Monday, March 20, 2006

TV Rots Your Brain...And Sometimes Your Stomach

Hey kids, it’s time for yet another obligatory TV post, where I sort of tell you what happened this past week or so while I bitch and post pictures.

The L Word


Dana. Fucking. Died.

Erin Daniels, I’ll miss you.

But man, did Leisha Hailey fucking rock that hospital death scene. It was definitely the saddest use of “You Are My Sunshine” since “Beaches.” And quite possibly the saddest use of a song in a death scene since the Whoopi Goldberg and Mary-Louise Parker sang “You Got It” to a piano in “Boys On the Side.”

Ilene Chaiken and I are going to have some serious words! That is, as soon as I recover from my catatonic state of depression and pick myself off the bathroom floor.

Anyway, this week Alice stole some of Dana’s ashes and scattered them at Dana’s former summer tennis camp. Flashbacks galore. Then Lara came home from Paris and made out with Alice in Dana’s house. And thus the show ended.*

Season finale on Sunday. Promo here...

* And if you’re actually interested, Shane proposed to Carmen, who eventually said yes. There’s also some stuff going on with Bette and Tina, Jenny and Max/Moira, Helena and Dylan, Kit and Angus, and the rest of the characters who I don’t care about.


The Sopranos

I can’t talk about The Sopranos because Nick is still playing catch up, but I will say that I really enjoyed the premiere. I also enjoyed last night’s episode, which was basically a testament to the brilliance of Edie Falco. It was also strange to see Tony Soprano sans Jersey mob boss accent.

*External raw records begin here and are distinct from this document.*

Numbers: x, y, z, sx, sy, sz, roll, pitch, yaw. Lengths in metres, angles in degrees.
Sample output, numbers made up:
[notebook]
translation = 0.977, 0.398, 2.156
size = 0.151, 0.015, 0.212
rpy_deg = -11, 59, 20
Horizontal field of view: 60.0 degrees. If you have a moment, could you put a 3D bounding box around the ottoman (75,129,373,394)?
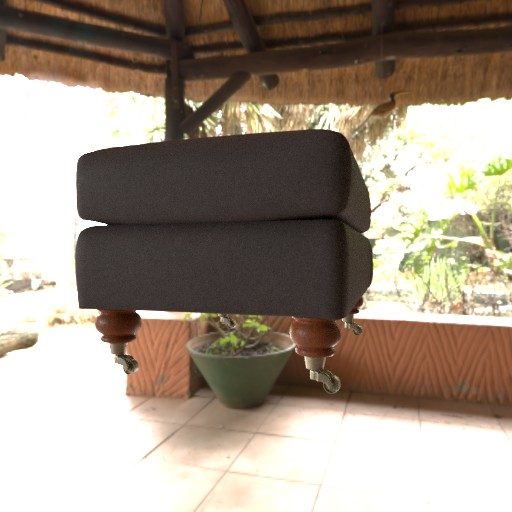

David Chase and company are setting us up big time.


The Apprentice

“We all over the place. We have no theme. We have nothing. Nobody know what’s going on! Task was creating corporate retreat presenting Chevy Tahoe. And instead they get booze...they get comedian...horse with a carriage. Theresa’s brain so small she can’t even understand. I wish, you know, her brain was bigger than her boobs.”

Thank. You. Lenny.

There were also scenes involving sharks and really big Carolyn hair!

Oh yeah, and did you know George is Jewish? Next you’re going to tell me that Trump wants to “date” his daughter or some crazy shit like that.


Veronica Mars


Kristen vs. Kristin

Attempting to not swallow the throw up in my own mouth while watching Laguna Beach a few months ago, I asked myself, “can Kristin suck any more than she already does?” The answer, sadly, is yes.

Jesus Christ, playing a tv lesbian is enough to redeem anyone’s heinous acting (see Mischa Barton and plastic Barbie hands).

Clearly, this rule does not apply to Kristin Cavalleri.

Props to Kristen Bell who’s already had to endure Paris Hilton, Kim Stolz and Naima Mora. (I’m sure Nick will have something to say since I mentioned Kim.)

Despite the wretched misery that was “Kylie” and lack of Wallace, Veronica Mars failed to disappoint.

At this point, it’s still anybody’s guess as to who was responsible for the bus crash. Right now, I’m blaming Naima. Mostly for shits and giggles...and to segue into the next show...


America’s Next Top Model

This past week’s episode was rather enjoyable. Furonda handed out some weird ass rules as to how to deal with her. Jade was such a cunt, that lightening it up with the “See You Next Tuesday” thing would be a compliment. And Mollie Sue was able to pull off the Rosemary’s Baby cut.

But no one does it like Potes, so I won’t even try.